● **DATA SHOWN**
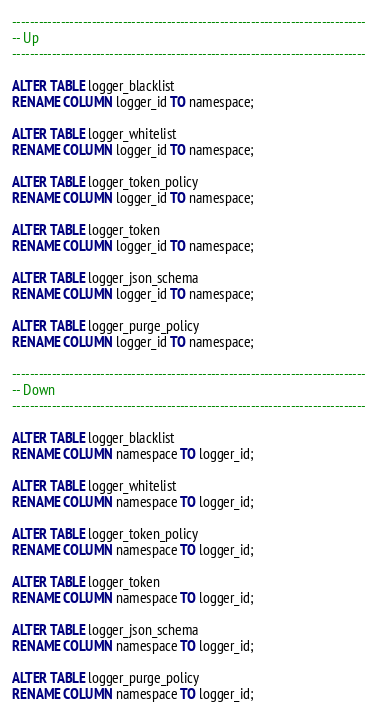Convert code to text. <code><loc_0><loc_0><loc_500><loc_500><_SQL_>--------------------------------------------------------------------------------
-- Up
--------------------------------------------------------------------------------

ALTER TABLE logger_blacklist
RENAME COLUMN logger_id TO namespace;

ALTER TABLE logger_whitelist
RENAME COLUMN logger_id TO namespace;

ALTER TABLE logger_token_policy
RENAME COLUMN logger_id TO namespace;

ALTER TABLE logger_token
RENAME COLUMN logger_id TO namespace;

ALTER TABLE logger_json_schema
RENAME COLUMN logger_id TO namespace;

ALTER TABLE logger_purge_policy
RENAME COLUMN logger_id TO namespace;

--------------------------------------------------------------------------------
-- Down
--------------------------------------------------------------------------------

ALTER TABLE logger_blacklist
RENAME COLUMN namespace TO logger_id;

ALTER TABLE logger_whitelist
RENAME COLUMN namespace TO logger_id;

ALTER TABLE logger_token_policy
RENAME COLUMN namespace TO logger_id;

ALTER TABLE logger_token
RENAME COLUMN namespace TO logger_id;

ALTER TABLE logger_json_schema
RENAME COLUMN namespace TO logger_id;

ALTER TABLE logger_purge_policy
RENAME COLUMN namespace TO logger_id;
</code> 
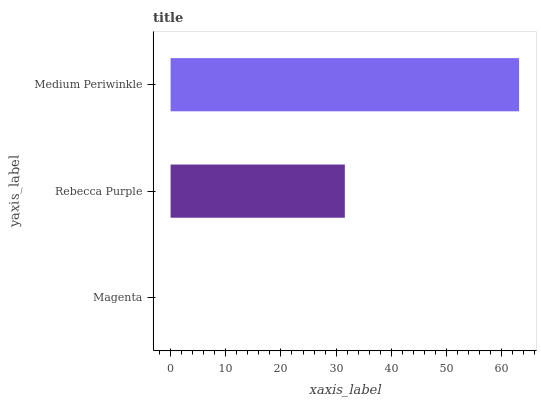Is Magenta the minimum?
Answer yes or no. Yes. Is Medium Periwinkle the maximum?
Answer yes or no. Yes. Is Rebecca Purple the minimum?
Answer yes or no. No. Is Rebecca Purple the maximum?
Answer yes or no. No. Is Rebecca Purple greater than Magenta?
Answer yes or no. Yes. Is Magenta less than Rebecca Purple?
Answer yes or no. Yes. Is Magenta greater than Rebecca Purple?
Answer yes or no. No. Is Rebecca Purple less than Magenta?
Answer yes or no. No. Is Rebecca Purple the high median?
Answer yes or no. Yes. Is Rebecca Purple the low median?
Answer yes or no. Yes. Is Medium Periwinkle the high median?
Answer yes or no. No. Is Medium Periwinkle the low median?
Answer yes or no. No. 
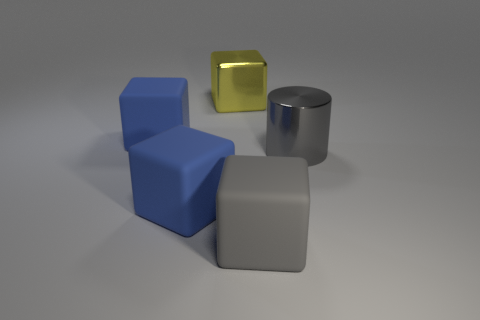Subtract all large matte blocks. How many blocks are left? 1 Subtract all red spheres. How many blue cubes are left? 2 Subtract all gray cubes. How many cubes are left? 3 Subtract all red blocks. Subtract all cyan cylinders. How many blocks are left? 4 Add 4 brown rubber spheres. How many objects exist? 9 Subtract all cylinders. How many objects are left? 4 Subtract all yellow shiny cubes. Subtract all big purple objects. How many objects are left? 4 Add 2 big cylinders. How many big cylinders are left? 3 Add 4 matte cubes. How many matte cubes exist? 7 Subtract 0 brown balls. How many objects are left? 5 
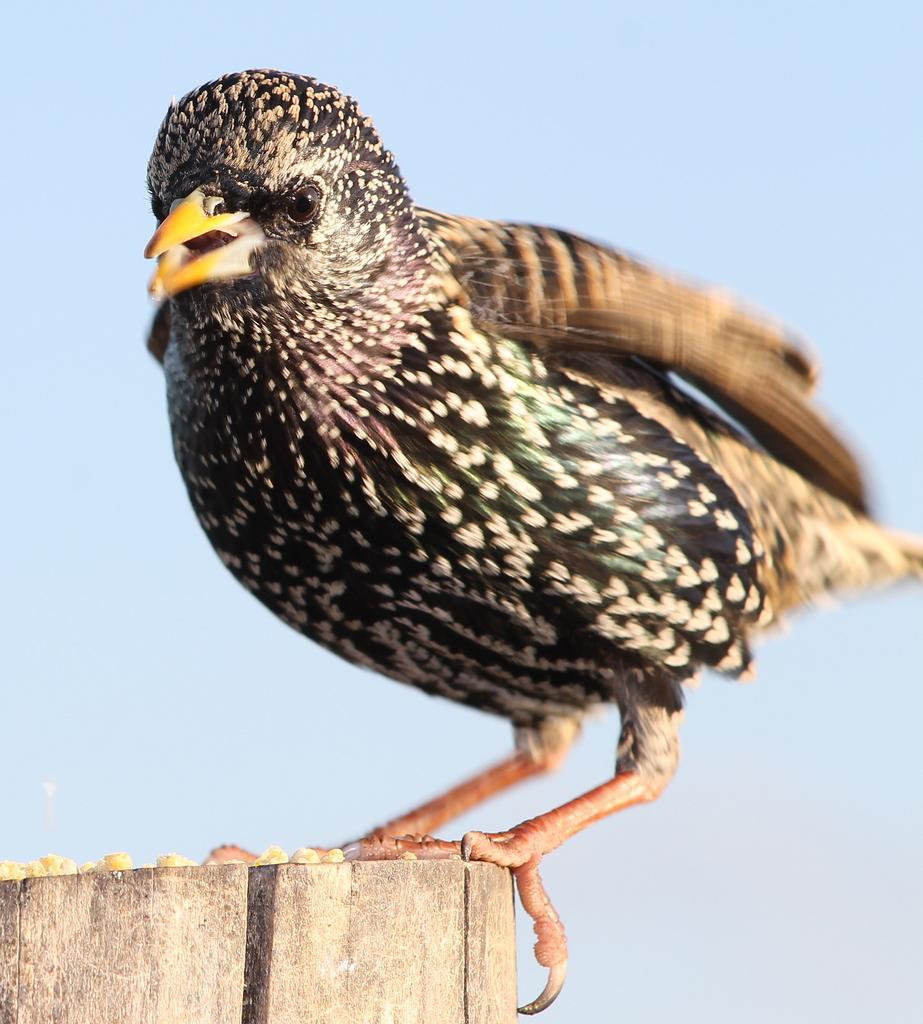Describe this image in one or two sentences. In this image there is a bird standing on a piece of wood. 
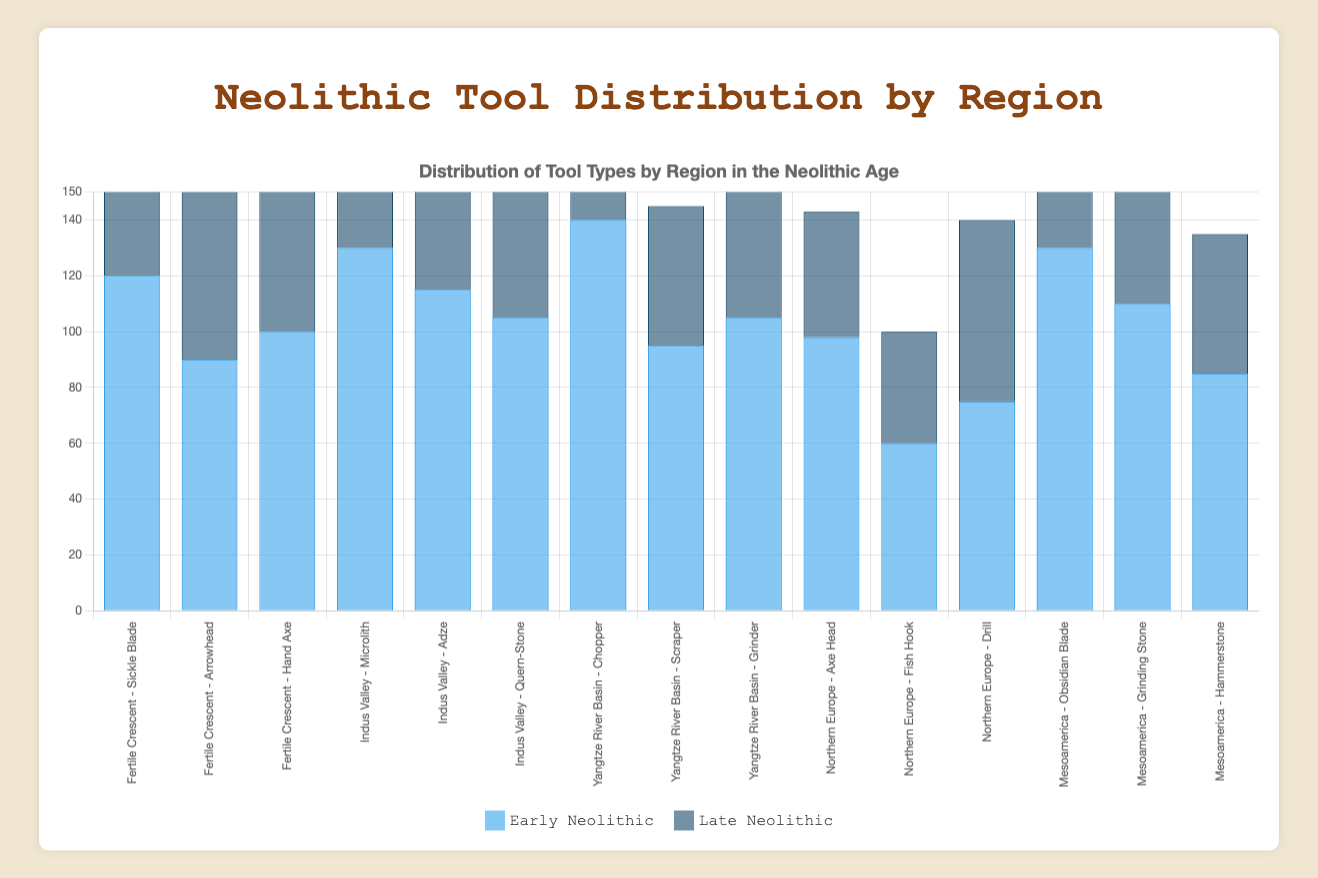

● **THE PROBLEM**
Whenever the word "Medium" shows up in a line of the entries, list that line.

● **EXERCISE OUTPUT**
Answer yes or no. Yes. Is Medium Periwinkle the maximum?
Answer yes or no. Yes. Is Medium Periwinkle the high median?
Answer yes or no. No. Is Medium Periwinkle the low median?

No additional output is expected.